Russian mathematician

Sergei Aleksandrovich Stepanov (Сергей Александрович Степанов; 24 February 1941) is a Russian mathematician, specializing in number theory. He is known for his 1969 proof using elementary methods of the Riemann hypothesis for zeta-functions of hyperelliptic curves over finite fields, first proved by André Weil in 1940–1941 using sophisticated, deep methods in algebraic geometry.

Stepanov received in 1977 his Russian doctorate (higher doctoral degree) from the Steklov Institute under Dmitry Konstantinovich Faddeev with dissertation (translated title) An elementary method in algebraic number theory. He was from 1987 to 2000 a professor at the Steklov Institute in Moscow. In the 1990s he was also at Bilkent University in Ankara. He is at the Institute for Problems of Information Transmission of the Russian Academy of Sciences.

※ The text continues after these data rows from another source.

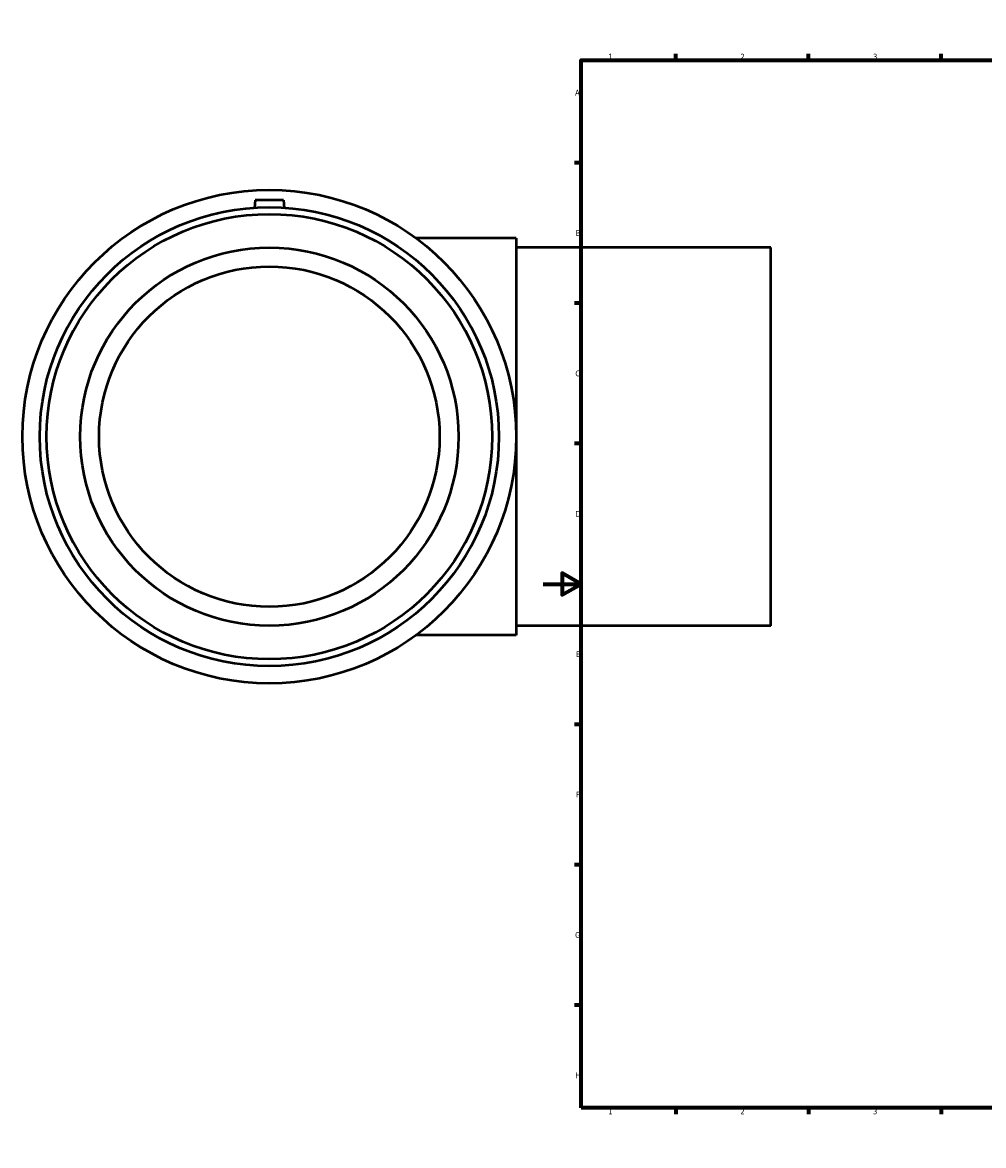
# Model space of a CAD drawing. Header units: millimetres. Extents: x -275 to 1626, y -327 to 1676.
# Tile 1 of 7: x -275 to 233, y 0 to 594. Entities that reach past the tile are written whole.
import ezdxf

# ---------------------------------------------------------------- set-up
doc = ezdxf.new("R2010")
doc.units = ezdxf.units.MM
doc.layers.add('Border (ANSI)', color=7, linetype='Continuous', lineweight=70)
doc.layers.add('Visible (ANSI)', color=7, linetype='Continuous', lineweight=50)
doc.styles.add('Note Text (ANSI)', font='tahoma.ttf')

# ---------------------------------------------------------------- blocks, each defined once
blk = doc.blocks.new('Borders Default Border')
at = {"layer": 'Border (ANSI)'}
for p, q in [((70.08, 574), (70.08, 577.45)), ((140.17, 574), (140.17, 577.45)), ((210.25, 574), (210.25, 577.45)), ((280.33, 574), (280.33, 577.45)), ((350.42, 574), (350.42, 577.45)), ((490.58, 574), (490.58, 577.45)), ((560.67, 574), (560.67, 577.45)), ((630.75, 574), (630.75, 577.45)), ((700.83, 574), (700.83, 577.45)), ((770.92, 574), (770.92, 577.45)), ((20, 519.75), (16.55, 519.75)), ((821, 519.75), (824.45, 519.75)), ((20, 445.5), (16.55, 445.5)), ((821, 445.5), (824.45, 445.5)), ((20, 371.25), (16.55, 371.25)), ((821, 371.25), (824.45, 371.25)), ((20, 222.75), (16.55, 222.75)), ((821, 222.75), (824.45, 222.75)), ((20, 148.5), (16.55, 148.5)), ((821, 148.5), (824.45, 148.5)), ((20, 74.25), (16.55, 74.25)), ((821, 74.25), (824.45, 74.25)), ((70.08, 20), (70.08, 16.55)), ((140.17, 20), (140.17, 16.55)), ((210.25, 20), (210.25, 16.55)), ((280.33, 20), (280.33, 16.55)), ((350.42, 20), (350.42, 16.55)), ((490.58, 20), (490.58, 16.55)), ((560.67, 20), (560.67, 16.55)), ((630.75, 20), (630.75, 16.55)), ((700.83, 20), (700.83, 16.55)), ((770.92, 20), (770.92, 16.55))]:
    blk.add_line(p, q, dxfattribs=at)
at = {"layer": 'Border (ANSI)', "flags": 128}
for points in [[(420.5, 594), (420.5, 574), (414.73, 584), (426.27, 584), (420.5, 574)], [(20, 20), (20, 574), (821, 574), (821, 20), (20, 20)], [(0, 297), (20, 297), (10, 302.77), (10, 291.23), (20, 297)], [(841, 297), (821, 297), (831, 302.77), (831, 291.23), (821, 297)], [(420.5, 0), (420.5, 20), (414.73, 10), (426.27, 10), (420.5, 20)]]:
    blk.add_lwpolyline(points, dxfattribs=at)
at = {"layer": 'Border (ANSI)', "color": 230, "true_color": 0xff0080, "attachment_point": 7, "style": 'Note Text (ANSI)'}
for s, insert, char_height in [('1', (34.35, 574.4), 3.05), ('2', (104.2, 574.4), 3.05), ('3', (174.26, 574.34), 3.05), ('4', (244.23, 574.4), 3.05), ('5', (314.48, 574.34), 3.05), ('6', (384.49, 574.34), 3.05), ('7', (454.6, 574.4), 3.05), ('8', (524.63, 574.33), 3.05), ('9', (594.7, 574.34), 3.05), ('10', (663.96, 574.34), 3.048), ('11', (734.04, 574.4), 3.048), ('12', (804.13, 574.4), 3.048), ('A', (16.78, 555.35), 3.05), ('A', (821.63, 555.35), 3.05), ('B', (17.15, 481.1), 3.05), ('B', (821.99, 481.1), 3.05), ('C', (16.95, 406.8), 3.05), ('C', (821.8, 406.8), 3.05), ('D', (16.96, 332.6), 3.05), ('D', (821.81, 332.6), 3.05), ('E', (17.21, 258.35), 3.05), ('E', (822.05, 258.35), 3.05), ('F', (17.29, 184.1), 3.05), ('F', (822.14, 184.1), 3.05), ('G', (16.81, 109.79), 3.05), ('G', (821.66, 109.79), 3.05), ('H', (16.97, 35.6), 3.05), ('H', (821.81, 35.6), 3.05), ('1', (34.35, 16.55), 3.05), ('2', (104.2, 16.55), 3.05), ('3', (174.26, 16.49), 3.05), ('4', (244.23, 16.55), 3.05), ('5', (314.48, 16.49), 3.05), ('6', (384.49, 16.49), 3.05), ('7', (454.6, 16.55), 3.05), ('8', (524.63, 16.48), 3.05), ('9', (594.7, 16.49), 3.05), ('10', (663.96, 16.49), 3.048), ('11', (734.04, 16.55), 3.048), ('12', (804.13, 16.55), 3.048)]:
    blk.add_mtext(s, dxfattribs=dict(at, insert=insert, char_height=char_height))

msp = doc.modelspace()

# ---------------------------------------------------------------- linework, layer by layer
at = {"layer": 'Visible (ANSI)'}
for p, q in [((-152.291, 499.927), (-152.632, 496.039)), ((-137.291, 499.927), (-152.291, 499.927)), ((-137.291, 499.927), (-136.951, 496.039)), ((-14.291, 479.927), (-67.298, 479.927)), ((-14.291, 479.927), (-14.291, 269.927)), ((120.209, 474.927), (-14.291, 474.927)), ((120.209, 274.927), (120.209, 474.927)), ((120.209, 274.927), (-14.291, 274.927)), ((-14.291, 269.927), (-67.298, 269.927))]:
    msp.add_line(p, q, dxfattribs=at)
for radius in [130.5, 121.365, 117.724, 100, 90]:
    msp.add_circle((-144.791, 374.927), radius, dxfattribs=at)

# ---------------------------------------------------------------- block references
msp.add_blockref('Borders Default Border', (0, 0))

doc.saveas('drawing.dxf')

Stepanov is best known for his work in arithmetic algebraic geometry, especially for the Weil conjectures on algebraic curves. He gave in 1969 an "elementary" (i.e. using elementary methods) proof of a result first proved by André Weil using sophisticated methods, not readily understable by mathematicians who are not specialists in algebraic geometry. Wolfgang M. Schmidt extended Stepanov's methods to prove the general result, and Enrico Bombieri succeeded in using the work of Stepanov and Schmidt to give a substantially simplified, elementary proof of the Riemann hypothesis for zeta-functions of curves over finite fields. Stepanov's research also deals with applications of algebraic geometry to coding theory.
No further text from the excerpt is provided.